5 P’s to Profit…or Pivot

5 P’s to Profit…or Pivot

by | Oct 19, 2021 | Business & Product, CROP | 0 comments

The final area of focus in the CROP model is Profit…or Pivot. How I came across 5 P’s for this area is a bit of a long story involving a layover in New York, watching a random hotel TV interview, and a lot of subsequent experience so I’ll cut to the chase: in order to profit, it’s essential to find the intersection of the right people, problems, priorities, processes, and perspective. Five P’s to remember. I’ve diagramed it as a five-sided star, with profit in the middle. You can turn the star to put anything on top, and everything intersects. If you’re not finding the balance between these concepts, and you’ve optimized operations, then it’s time to pivot. Something is just not working and it’s time to create a new hypothesis, validate it, and move in a new direction.

Let’s look at the P’s in more depth. As with each of the other tools in the CROP model, the 5 P’s have a reciprocal and synergistic relationship with each other. As you focus on one P, you’ll see how it influences the others.

People

You may have noticed that your team is a recurring point of optimization. Teams evolve. Ideally, the same team you formed your concept and runway with will remain with you through operations and profit. But that rarely happens. As your business evolves, so will your needs. It’s good to get new insights into your challenges and fresh eyes on problems. Diversity in thoughts, opinions, and experiences turn energetic, respectful conflict into a productive ecosystem for discovery. It’s healthy and so satisfying to disagree (or agree!), communicate effectively, and commit together as a team. Your people influence, and are influenced by your problems, priorities, processes, and perspective. So it’s essential to have the right people on the team and at the table as you work to solve customer pains.

Problems

There will always be problems. The question is “do you have the right problems?” Producing at scale can be a problem. But it’s the right problem. Onboarding more people than anticipated is a problem, but it’s a right problem. The trick is to prevent your solution from getting mired in the wrong problems (lawsuits…churn…hemorrhaging cash…oh my!) and focus on having the right problems. This is much easier said than done, and that’s why it’s an important part of profiting or pivoting.

Priorities

Setting the right priorities is an ever-shifting battle. Whether you use a MOKR/OKR (Mission, Objective, Key Result), KPI (Key Performance Indicator) or other framework, there should always be one key metric that brings all the work effort into alignment to effect significant change. This helps channel energy and keep people moving in the same direction.

But it’s also important to always keep in mind the ultimate desired outcome: leveraging your solution to solve problems for people. I’ve seen people intentionally make short-sighted prioritization choices just to be rewarded with a bonus or other incentive for hitting the current goal.

Take for example a scenario where the quarterly objective is to add 1,000 new users.
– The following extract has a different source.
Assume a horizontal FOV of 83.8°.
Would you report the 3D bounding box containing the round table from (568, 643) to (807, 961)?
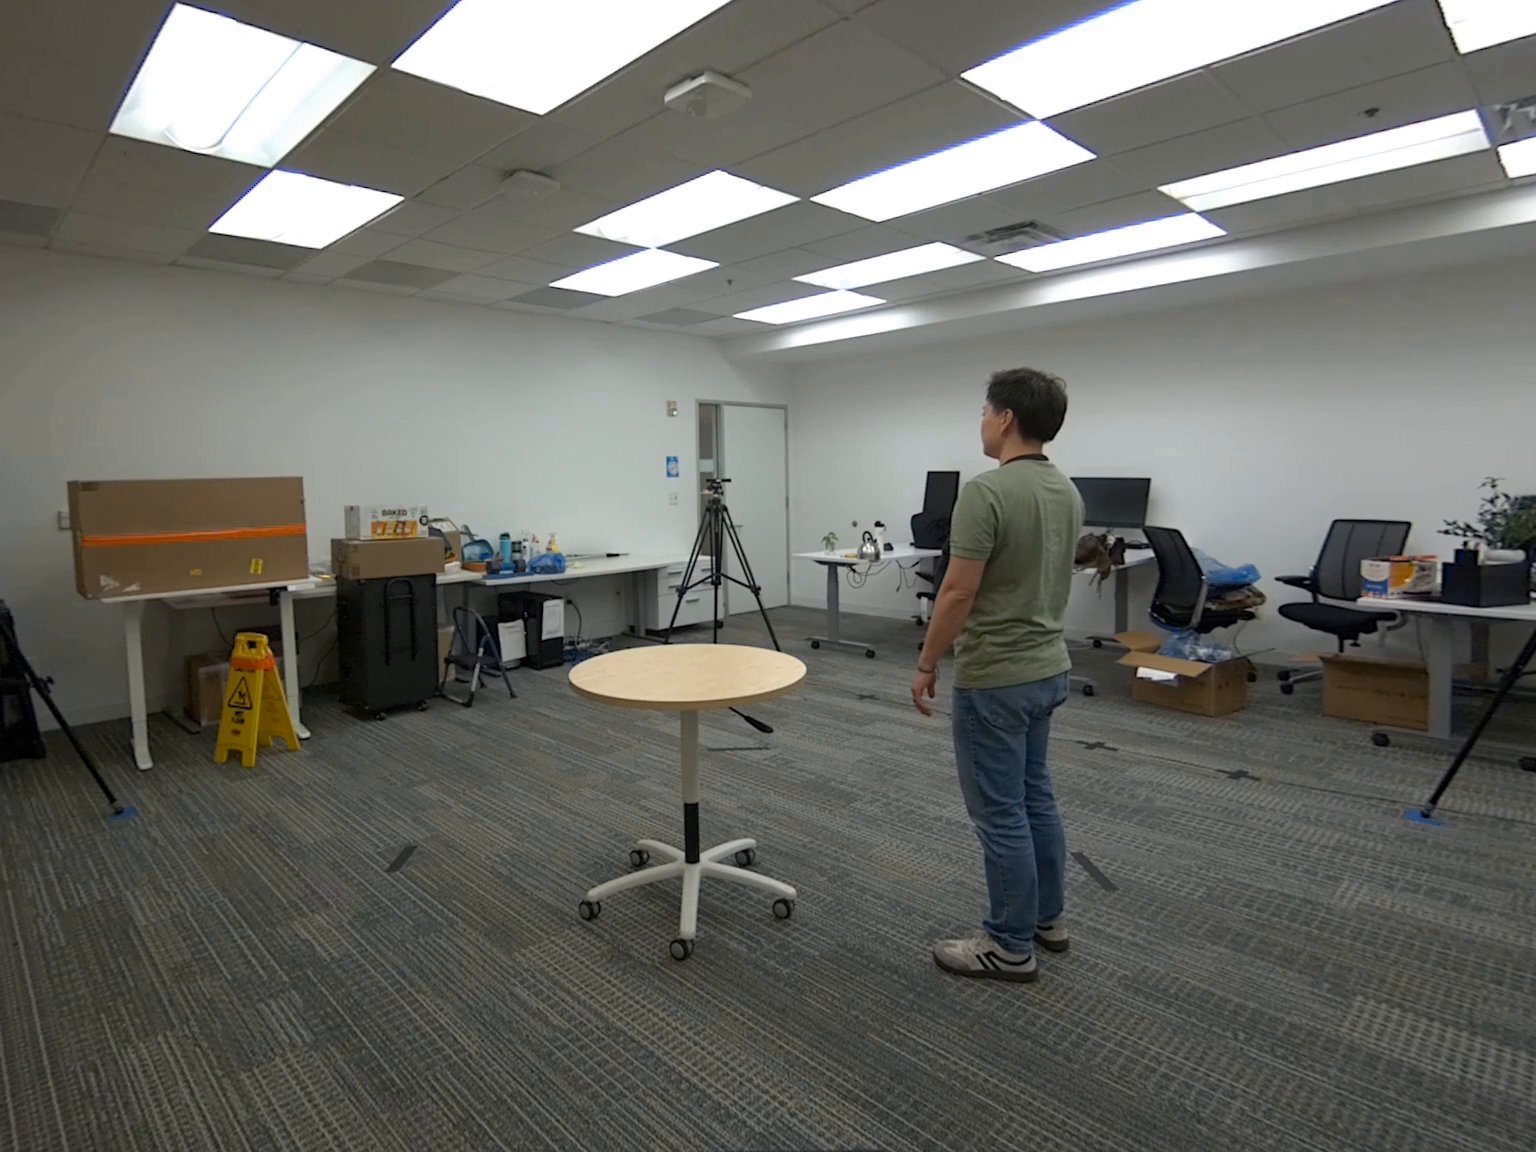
[{"bbox_3d":[-0.249,0.692,2.807,0.763,0.790,0.768,-1,6,-2],"label":"round table"}]

A highly motivated team will pull out all the stops to hit this number, especially if there’s an additional incentive tied to it such as a bonus. But the right team with the right priorities will also consider churn and LTV. Yes, we want 1,000 new users. But ultimately the goal is not to keep them, and not churn out 1,500 customers, or decrease LTV in the process. The right team will see these considerations, point out work that might seem to meet the current objective but have long-term ramifications that don’t result in a profitable solution.

Processes

Sometimes the way we do things is important. And sometimes it’s not. Optimizing processes for profit is all about understanding which processes serve us and which do not. One of my favorite parts of the Agile manifesto is valuing people over process. What this means is that people are human and we all have quirks. Processes need to make sense for our situation and our people, priorities, and perspective. We should never do things just because that’s the way an expert recommended it, or because that’s the way it’s always been done here. The right people with the right priorities will have the freedom to communicate what works for them and what does not. Working together, dynamic teams create functional processes that strike a balance between procedure, housekeeping, and output. And that can be very profitable.

Perspective

The final P in Profit or Pivot is perspective. Here again, having the right people, problems, priorities and processes is critical to gaining the right perspective. During the concept phase of CROP, customer pain points were identified, a solution with unique value was proposed, distribution channels were assigned, and budgets were formulated. Do those still ring true, now that you have a different perspective? What’s the market perspective on your solution? Consider your customers’ point of view for your people, problems, priorities, and processes. By looking at things from different angles, gathering, collating, and analyzing data, new hypothesis could surface and new ideas may come to light.

Walking through these five P’s helps us identify areas of opportunity to profit or pivot. It comes down to this question: If you could go back to the concept stage and do it all again, would you? What would you do differently?

And that’s the CROP cycle starting again.